Department of Natural History, Royal Ontario Museum, Toronto, ON M5S 2C6, Canada; Department of Ecology and Evolutionary Biology, University of Toronto, Toronto, ON M5S 3B2, Canada.
Department of Natural History, Royal Ontario Museum, Toronto, ON M5S 2C6, Canada; Department of Ecology and Evolutionary Biology, University of Toronto, Toronto, ON M5S 3B2, Canada.
Mol Phylogenet Evol. 2020 Feb;143:106690. doi: 10.1016/j.ympev.2019.106690. Epub 2019 Nov 21.

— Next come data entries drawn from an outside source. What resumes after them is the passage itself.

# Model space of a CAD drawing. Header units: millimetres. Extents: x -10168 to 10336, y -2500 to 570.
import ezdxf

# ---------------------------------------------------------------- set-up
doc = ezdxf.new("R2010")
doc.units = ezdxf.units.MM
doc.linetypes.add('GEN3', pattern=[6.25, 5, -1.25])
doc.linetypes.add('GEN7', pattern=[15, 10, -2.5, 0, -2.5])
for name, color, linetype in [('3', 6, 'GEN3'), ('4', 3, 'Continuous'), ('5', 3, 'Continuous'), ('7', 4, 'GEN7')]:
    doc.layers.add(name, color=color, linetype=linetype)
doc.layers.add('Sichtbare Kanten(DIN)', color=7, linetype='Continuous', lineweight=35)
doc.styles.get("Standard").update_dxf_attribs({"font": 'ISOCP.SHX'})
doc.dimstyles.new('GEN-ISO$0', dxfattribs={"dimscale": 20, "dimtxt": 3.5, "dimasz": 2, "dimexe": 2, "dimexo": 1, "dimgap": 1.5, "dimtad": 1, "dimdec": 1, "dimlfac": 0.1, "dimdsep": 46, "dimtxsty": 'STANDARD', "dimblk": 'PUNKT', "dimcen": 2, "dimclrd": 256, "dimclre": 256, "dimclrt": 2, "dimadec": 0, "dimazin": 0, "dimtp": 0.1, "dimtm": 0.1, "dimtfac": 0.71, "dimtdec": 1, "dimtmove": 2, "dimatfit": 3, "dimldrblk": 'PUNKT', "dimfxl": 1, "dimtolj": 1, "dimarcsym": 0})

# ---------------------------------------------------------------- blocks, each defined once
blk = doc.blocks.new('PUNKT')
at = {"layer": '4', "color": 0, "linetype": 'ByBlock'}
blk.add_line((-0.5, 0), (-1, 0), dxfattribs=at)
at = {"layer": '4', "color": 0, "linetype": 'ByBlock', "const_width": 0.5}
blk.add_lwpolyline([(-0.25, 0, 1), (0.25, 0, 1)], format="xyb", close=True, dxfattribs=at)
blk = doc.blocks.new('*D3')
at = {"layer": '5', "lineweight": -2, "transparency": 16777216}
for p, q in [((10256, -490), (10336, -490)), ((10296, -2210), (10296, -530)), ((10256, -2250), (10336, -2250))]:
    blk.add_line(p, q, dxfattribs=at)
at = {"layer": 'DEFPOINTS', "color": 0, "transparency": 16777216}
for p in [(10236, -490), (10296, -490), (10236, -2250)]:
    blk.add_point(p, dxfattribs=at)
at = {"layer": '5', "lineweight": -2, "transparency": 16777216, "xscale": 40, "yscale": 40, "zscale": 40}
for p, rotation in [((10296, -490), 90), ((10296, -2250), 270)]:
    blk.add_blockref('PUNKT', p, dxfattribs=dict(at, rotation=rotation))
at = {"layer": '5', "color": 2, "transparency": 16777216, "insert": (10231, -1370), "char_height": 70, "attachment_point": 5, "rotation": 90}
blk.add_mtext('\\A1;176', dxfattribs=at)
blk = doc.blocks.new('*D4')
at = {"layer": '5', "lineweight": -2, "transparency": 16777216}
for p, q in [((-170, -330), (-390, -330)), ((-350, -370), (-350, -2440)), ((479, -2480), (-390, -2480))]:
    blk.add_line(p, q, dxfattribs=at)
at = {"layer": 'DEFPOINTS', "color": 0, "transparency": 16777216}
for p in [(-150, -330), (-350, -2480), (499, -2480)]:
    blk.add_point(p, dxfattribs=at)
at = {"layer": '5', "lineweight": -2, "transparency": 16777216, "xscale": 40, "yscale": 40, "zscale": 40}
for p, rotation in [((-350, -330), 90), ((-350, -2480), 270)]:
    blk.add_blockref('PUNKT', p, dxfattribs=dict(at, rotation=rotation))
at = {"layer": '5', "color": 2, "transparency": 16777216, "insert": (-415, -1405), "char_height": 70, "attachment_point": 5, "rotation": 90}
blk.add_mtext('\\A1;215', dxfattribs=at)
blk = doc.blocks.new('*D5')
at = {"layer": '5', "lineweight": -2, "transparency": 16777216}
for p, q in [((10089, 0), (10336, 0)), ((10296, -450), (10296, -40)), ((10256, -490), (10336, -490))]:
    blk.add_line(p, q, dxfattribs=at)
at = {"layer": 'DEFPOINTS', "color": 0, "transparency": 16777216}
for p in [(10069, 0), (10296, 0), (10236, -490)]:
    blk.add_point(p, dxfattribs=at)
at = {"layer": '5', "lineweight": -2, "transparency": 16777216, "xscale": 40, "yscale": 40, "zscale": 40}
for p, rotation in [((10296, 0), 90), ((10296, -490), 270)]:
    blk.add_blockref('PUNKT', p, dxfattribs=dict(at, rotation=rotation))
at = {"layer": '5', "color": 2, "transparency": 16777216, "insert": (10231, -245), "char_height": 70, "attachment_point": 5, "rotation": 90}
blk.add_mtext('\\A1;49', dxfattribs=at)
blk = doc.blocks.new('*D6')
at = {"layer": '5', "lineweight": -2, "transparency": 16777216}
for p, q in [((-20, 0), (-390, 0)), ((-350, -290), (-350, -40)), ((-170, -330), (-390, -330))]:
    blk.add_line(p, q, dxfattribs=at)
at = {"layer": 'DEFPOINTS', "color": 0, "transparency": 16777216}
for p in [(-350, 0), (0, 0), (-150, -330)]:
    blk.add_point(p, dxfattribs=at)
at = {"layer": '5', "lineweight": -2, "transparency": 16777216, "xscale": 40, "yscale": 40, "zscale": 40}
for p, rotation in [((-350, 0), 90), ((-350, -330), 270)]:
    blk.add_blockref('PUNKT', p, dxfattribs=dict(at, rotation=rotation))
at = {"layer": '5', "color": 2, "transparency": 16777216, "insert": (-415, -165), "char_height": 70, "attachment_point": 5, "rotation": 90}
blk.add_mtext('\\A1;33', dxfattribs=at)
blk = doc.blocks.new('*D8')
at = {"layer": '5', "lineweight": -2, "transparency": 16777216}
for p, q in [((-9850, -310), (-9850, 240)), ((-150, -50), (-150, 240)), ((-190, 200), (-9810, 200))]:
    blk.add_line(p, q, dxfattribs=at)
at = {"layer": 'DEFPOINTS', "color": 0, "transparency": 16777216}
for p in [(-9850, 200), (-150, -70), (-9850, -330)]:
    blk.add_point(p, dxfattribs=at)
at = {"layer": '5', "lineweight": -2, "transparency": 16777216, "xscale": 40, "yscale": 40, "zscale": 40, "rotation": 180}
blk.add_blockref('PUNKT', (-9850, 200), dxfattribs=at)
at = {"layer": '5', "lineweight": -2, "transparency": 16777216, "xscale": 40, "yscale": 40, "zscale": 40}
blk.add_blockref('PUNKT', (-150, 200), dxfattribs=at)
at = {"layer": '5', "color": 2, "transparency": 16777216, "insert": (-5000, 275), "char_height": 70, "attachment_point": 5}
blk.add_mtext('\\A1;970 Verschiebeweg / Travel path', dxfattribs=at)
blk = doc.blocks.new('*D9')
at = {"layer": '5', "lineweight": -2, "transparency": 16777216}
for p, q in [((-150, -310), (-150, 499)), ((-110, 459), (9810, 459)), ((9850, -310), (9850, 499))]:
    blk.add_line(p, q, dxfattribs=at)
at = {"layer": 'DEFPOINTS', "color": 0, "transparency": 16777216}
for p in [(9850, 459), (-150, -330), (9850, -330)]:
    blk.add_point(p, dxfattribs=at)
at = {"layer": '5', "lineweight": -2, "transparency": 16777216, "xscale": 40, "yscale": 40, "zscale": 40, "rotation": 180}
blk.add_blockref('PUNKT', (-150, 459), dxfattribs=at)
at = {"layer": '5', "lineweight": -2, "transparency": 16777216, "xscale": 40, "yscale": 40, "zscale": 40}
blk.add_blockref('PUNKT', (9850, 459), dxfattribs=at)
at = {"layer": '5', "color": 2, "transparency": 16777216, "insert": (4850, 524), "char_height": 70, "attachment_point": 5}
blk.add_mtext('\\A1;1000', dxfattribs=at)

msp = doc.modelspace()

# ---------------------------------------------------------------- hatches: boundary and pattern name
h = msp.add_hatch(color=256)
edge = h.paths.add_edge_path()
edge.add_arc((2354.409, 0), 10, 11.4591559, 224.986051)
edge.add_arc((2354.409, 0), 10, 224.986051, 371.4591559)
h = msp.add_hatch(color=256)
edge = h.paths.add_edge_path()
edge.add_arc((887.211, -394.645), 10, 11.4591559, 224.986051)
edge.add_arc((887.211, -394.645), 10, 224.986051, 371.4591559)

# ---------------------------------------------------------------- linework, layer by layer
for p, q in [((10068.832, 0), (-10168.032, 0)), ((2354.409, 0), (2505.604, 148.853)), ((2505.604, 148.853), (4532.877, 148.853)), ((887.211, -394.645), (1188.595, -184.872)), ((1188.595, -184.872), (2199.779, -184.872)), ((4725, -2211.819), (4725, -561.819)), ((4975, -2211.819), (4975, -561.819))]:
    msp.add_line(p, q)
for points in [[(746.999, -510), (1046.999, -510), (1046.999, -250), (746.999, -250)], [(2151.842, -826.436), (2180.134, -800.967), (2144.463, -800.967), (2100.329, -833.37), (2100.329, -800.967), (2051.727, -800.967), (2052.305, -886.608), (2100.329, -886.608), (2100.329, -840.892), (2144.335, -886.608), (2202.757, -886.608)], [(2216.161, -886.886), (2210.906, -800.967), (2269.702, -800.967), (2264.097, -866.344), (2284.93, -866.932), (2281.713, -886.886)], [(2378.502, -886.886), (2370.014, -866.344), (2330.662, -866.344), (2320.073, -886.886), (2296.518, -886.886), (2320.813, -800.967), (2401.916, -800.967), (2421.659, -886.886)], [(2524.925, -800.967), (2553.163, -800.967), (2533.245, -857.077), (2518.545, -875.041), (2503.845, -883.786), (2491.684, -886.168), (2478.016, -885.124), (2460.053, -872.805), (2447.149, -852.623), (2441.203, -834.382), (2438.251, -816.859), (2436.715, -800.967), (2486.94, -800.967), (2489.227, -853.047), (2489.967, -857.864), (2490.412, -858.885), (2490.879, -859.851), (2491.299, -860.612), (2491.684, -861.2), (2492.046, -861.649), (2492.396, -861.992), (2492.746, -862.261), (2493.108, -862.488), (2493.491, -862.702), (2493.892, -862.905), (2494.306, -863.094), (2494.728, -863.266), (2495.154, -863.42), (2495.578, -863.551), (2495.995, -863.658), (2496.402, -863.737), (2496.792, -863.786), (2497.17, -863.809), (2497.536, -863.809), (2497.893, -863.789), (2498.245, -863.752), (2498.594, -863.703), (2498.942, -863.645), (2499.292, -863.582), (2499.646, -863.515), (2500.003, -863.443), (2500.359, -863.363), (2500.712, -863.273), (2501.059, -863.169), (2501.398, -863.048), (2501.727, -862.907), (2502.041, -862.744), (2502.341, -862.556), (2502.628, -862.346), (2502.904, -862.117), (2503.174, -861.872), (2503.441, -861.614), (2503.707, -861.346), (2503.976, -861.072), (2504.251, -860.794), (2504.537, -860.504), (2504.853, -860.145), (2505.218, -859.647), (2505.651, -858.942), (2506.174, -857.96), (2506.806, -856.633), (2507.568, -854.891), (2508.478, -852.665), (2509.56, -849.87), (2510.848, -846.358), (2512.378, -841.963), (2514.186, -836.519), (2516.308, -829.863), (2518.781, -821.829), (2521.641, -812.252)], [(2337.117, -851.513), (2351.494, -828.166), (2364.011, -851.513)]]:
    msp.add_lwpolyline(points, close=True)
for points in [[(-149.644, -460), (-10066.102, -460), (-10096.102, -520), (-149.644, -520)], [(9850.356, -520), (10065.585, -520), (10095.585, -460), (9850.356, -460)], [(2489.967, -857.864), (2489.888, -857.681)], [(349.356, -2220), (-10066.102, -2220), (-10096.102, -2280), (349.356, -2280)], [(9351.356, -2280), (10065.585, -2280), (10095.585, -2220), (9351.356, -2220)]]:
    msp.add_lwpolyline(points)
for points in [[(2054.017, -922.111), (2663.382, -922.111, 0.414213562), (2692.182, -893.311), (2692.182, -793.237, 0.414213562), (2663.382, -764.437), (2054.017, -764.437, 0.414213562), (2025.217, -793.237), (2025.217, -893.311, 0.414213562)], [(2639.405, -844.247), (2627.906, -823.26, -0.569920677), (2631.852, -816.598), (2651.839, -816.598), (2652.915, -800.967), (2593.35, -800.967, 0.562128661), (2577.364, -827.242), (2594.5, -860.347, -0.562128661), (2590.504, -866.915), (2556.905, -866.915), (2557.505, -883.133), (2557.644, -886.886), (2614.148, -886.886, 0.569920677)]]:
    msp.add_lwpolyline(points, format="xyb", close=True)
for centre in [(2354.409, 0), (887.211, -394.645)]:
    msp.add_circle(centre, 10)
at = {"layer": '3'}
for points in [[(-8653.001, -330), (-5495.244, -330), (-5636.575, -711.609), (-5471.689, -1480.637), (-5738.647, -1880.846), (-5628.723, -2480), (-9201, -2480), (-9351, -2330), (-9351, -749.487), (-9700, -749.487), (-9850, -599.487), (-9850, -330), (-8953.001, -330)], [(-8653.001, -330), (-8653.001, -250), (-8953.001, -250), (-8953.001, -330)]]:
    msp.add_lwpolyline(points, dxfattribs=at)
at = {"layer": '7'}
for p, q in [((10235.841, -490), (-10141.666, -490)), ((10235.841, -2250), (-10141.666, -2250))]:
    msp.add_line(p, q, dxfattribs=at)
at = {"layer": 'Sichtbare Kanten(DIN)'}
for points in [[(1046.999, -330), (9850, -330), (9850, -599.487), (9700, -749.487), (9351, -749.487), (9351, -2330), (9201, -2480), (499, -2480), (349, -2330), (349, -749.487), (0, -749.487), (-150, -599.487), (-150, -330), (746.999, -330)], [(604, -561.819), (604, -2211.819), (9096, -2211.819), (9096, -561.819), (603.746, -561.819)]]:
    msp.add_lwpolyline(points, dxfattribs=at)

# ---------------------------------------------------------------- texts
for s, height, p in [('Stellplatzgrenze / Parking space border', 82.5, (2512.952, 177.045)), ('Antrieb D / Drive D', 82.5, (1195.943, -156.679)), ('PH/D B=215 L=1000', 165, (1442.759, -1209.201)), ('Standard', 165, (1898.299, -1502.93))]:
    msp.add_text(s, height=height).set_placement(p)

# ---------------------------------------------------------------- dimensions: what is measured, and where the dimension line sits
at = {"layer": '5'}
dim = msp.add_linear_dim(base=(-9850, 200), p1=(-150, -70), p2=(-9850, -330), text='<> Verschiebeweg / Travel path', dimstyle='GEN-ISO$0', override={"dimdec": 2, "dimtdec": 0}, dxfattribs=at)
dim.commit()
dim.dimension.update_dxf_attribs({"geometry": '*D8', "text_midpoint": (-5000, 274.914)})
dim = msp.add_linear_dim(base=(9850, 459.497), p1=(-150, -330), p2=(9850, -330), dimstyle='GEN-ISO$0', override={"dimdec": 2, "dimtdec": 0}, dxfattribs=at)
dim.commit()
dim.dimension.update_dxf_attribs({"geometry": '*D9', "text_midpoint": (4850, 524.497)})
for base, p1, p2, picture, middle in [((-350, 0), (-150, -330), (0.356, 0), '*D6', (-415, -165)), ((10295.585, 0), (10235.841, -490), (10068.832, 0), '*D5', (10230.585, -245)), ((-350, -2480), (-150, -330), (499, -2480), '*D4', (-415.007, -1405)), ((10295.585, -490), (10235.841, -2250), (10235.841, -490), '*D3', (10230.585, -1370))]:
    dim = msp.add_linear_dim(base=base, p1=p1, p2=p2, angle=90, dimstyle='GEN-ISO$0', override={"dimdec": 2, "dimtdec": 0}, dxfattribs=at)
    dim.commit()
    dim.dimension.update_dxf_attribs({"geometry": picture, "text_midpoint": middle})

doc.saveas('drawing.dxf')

Mammals are one of the better known groups of animals, and in the Neotropics bats typically comprise about half of the mammalian species diversity. But, well resolved species-level phylogenies are still lacking for most taxa of bats. One broadly distributed genus is the mastiff bats, Molossus. Species within this genus are morphologically very similar, which results in a confusing and unstable taxonomy. In addition, low levels of genetic divergence among some clades make resolution of phylogenetic relationships difficult. Most authors recognize Molossus as being monophyletic, however, phylogenetic relationships within the genus remain poorly understood based on traditional Sanger sequencing of individual genes. We propose a more comprehensive framework based on large-scale genomic data derived from Next Generation Sequencing techniques to better understand evolutionary relationships within a group of closely related species with a rich taxonomic history. In this study, we utilized the NGS method of Genotype by Sequencing (GBS) to test the monophyly of the genus, understand evolutionary relationships within Molossus and investigate the genetic integrity of currently recognized species. Given that both de novo and reference genome pipelines are often used in the assembly of Single Nucleotide Polymorphism data from GBS, and that several tree inference methodologies have been proposed for SNP data, we test whether different alignments and phylogenetic approaches produce similar results. We also examined how the process of SNP identification and mapping can affect the consistency of the analyses. Our data provide the first high resolution phylogeny for the genus Molossus, bringing new insights into recognition of species boundaries and relationships among taxa. This study clarifies the taxonomy of Molossus and elevates the number of species in the genus from 11 to 14. We suggest the revalidation of the names M. nigricans, and M. fluminensis, which were synonymized under the name M. rufus; and M. bondae, previously synonymized under the name M. currentium. Different alignments and phylogenetic inferences produce consistent results, supporting use of SNP approach in addressing evolutionary questions on a macroevolutionary scale where the genetic distance among clades is low.
哺乳动物是广为人知的动物群体之一,在新热带地区,蝙蝠通常约占哺乳动物物种多样性的一半。但是,大多数蝙蝠类群仍然缺乏分辨率高的物种水平系统发育关系。一个广泛分布的属是鬃毛狗蝠属,Molossus。该属内的物种在形态上非常相似,导致分类学上的混乱和不稳定。此外,一些支系之间的遗传分化程度较低,使得系统发育关系的解决变得困难。大多数作者认为 Molossus 是单系的,然而,基于传统的个体基因 Sanger 测序,该属内的系统发育关系仍然知之甚少。我们提出了一个更全面的框架,基于从下一代测序技术获得的大规模基因组数据,以更好地了解具有丰富分类历史的一组密切相关物种的进化关系。在这项研究中,我们利用下一代测序技术的基因型测序 (GBS) 方法来测试该属的单系性,了解 Molossus 内的进化关系,并研究目前公认的物种的遗传完整性。鉴于从头和参考基因组管道通常用于从 GBS 中组装单核苷酸多态性数据,并且已经提出了几种用于 SNP 数据的树推断方法,我们测试了不同的对齐和系统发育方法是否会产生相似的结果。我们还研究了 SNP 识别和映射过程如何影响分析的一致性。我们的数据提供了 Molossus 属的第一个高分辨率系统发育,为物种边界和分类群之间的关系提供了新的见解。这项研究澄清了 Molossus 的分类学,并将该属的物种数量从 11 种增加到 14 种。我们建议重新验证 M. nigricans 和 M. fluminensis 的名称,它们曾被同义词化到 M. rufus 名下;以及 M. bondae,之前曾被同义词化到 M. currentium 名下。不同的对齐和系统发育推断产生一致的结果,支持在遗传距离较低的宏观进化尺度上使用 SNP 方法来解决进化问题。